Problem description: For every entry below, give an exact repeat and leave out the pictures.

Data records:
+++

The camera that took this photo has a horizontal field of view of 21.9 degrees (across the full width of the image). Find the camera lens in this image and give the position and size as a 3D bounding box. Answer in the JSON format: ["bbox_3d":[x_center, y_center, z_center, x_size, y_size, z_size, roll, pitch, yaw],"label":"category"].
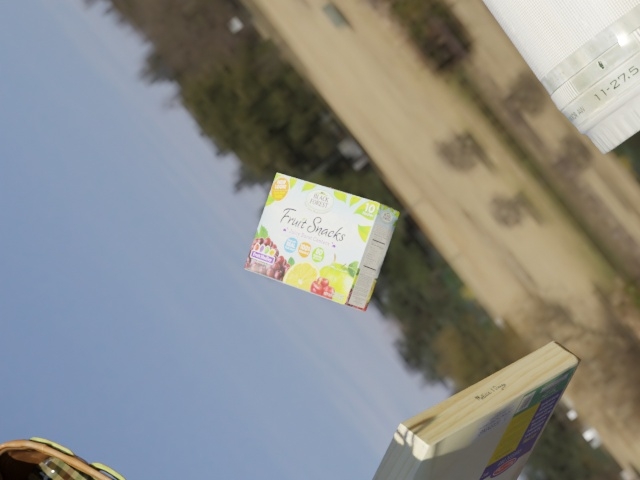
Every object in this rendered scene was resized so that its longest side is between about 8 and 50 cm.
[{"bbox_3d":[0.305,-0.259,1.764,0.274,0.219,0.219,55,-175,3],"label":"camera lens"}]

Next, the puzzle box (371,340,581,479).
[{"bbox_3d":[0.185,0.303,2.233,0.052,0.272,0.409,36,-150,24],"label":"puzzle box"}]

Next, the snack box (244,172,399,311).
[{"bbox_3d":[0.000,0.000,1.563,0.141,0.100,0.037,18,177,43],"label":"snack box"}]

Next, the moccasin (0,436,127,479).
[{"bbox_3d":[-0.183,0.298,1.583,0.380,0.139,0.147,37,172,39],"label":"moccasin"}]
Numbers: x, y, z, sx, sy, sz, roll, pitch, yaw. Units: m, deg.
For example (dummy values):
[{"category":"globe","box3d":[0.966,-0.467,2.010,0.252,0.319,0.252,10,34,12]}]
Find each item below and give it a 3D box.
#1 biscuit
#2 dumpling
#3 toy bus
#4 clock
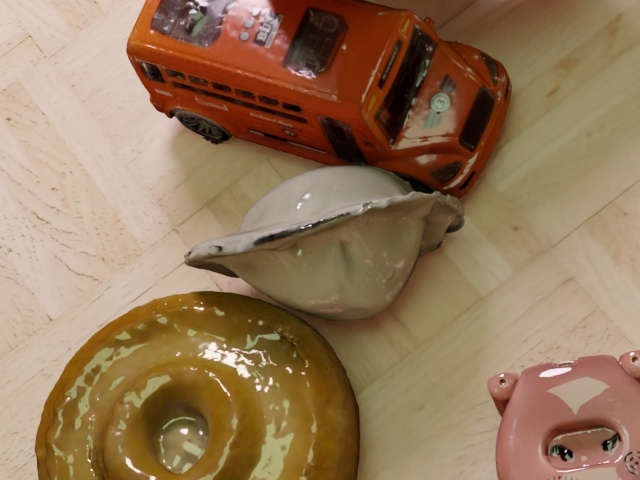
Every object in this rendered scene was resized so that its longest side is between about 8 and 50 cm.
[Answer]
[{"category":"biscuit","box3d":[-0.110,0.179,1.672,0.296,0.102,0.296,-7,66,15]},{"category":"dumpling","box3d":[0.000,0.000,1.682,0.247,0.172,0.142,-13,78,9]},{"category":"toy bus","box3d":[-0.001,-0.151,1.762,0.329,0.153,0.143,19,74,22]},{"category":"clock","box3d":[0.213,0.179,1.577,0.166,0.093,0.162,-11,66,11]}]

+++

Problem solution:
The camera that took this photo has a horizontal field of view of 21.9 degrees (across the full width of the image). Find the camera lens in this image and give the position and size as a 3D bounding box. Answer in the JSON format: ["bbox_3d":[x_center, y_center, z_center, x_size, y_size, z_size, roll, pitch, yaw],"label":"category"].
Every object in this rendered scene was resized so that its longest side is between about 8 and 50 cm.
[{"bbox_3d":[0.305,-0.259,1.764,0.274,0.219,0.219,55,-175,3],"label":"camera lens"}]

Next, the puzzle box (371,340,581,479).
[{"bbox_3d":[0.185,0.303,2.233,0.052,0.272,0.409,36,-150,24],"label":"puzzle box"}]

Next, the snack box (244,172,399,311).
[{"bbox_3d":[0.000,0.000,1.563,0.141,0.100,0.037,18,177,43],"label":"snack box"}]

Next, the moccasin (0,436,127,479).
[{"bbox_3d":[-0.183,0.298,1.583,0.380,0.139,0.147,37,172,39],"label":"moccasin"}]
Numbers: x, y, z, sx, sy, sz, roll, pitch, yaw. Units: m, deg.
For example (dummy values):
[{"category":"globe","box3d":[0.966,-0.467,2.010,0.252,0.319,0.252,10,34,12]}]
Find each item below and give it a 3D box.
#1 biscuit
#2 dumpling
#3 toy bus
#4 clock
Every object in this rendered scene was resized so that its longest side is between about 8 and 50 cm.
[Answer]
[{"category":"biscuit","box3d":[-0.110,0.179,1.672,0.296,0.102,0.296,-7,66,15]},{"category":"dumpling","box3d":[0.000,0.000,1.682,0.247,0.172,0.142,-13,78,9]},{"category":"toy bus","box3d":[-0.001,-0.151,1.762,0.329,0.153,0.143,19,74,22]},{"category":"clock","box3d":[0.213,0.179,1.577,0.166,0.093,0.162,-11,66,11]}]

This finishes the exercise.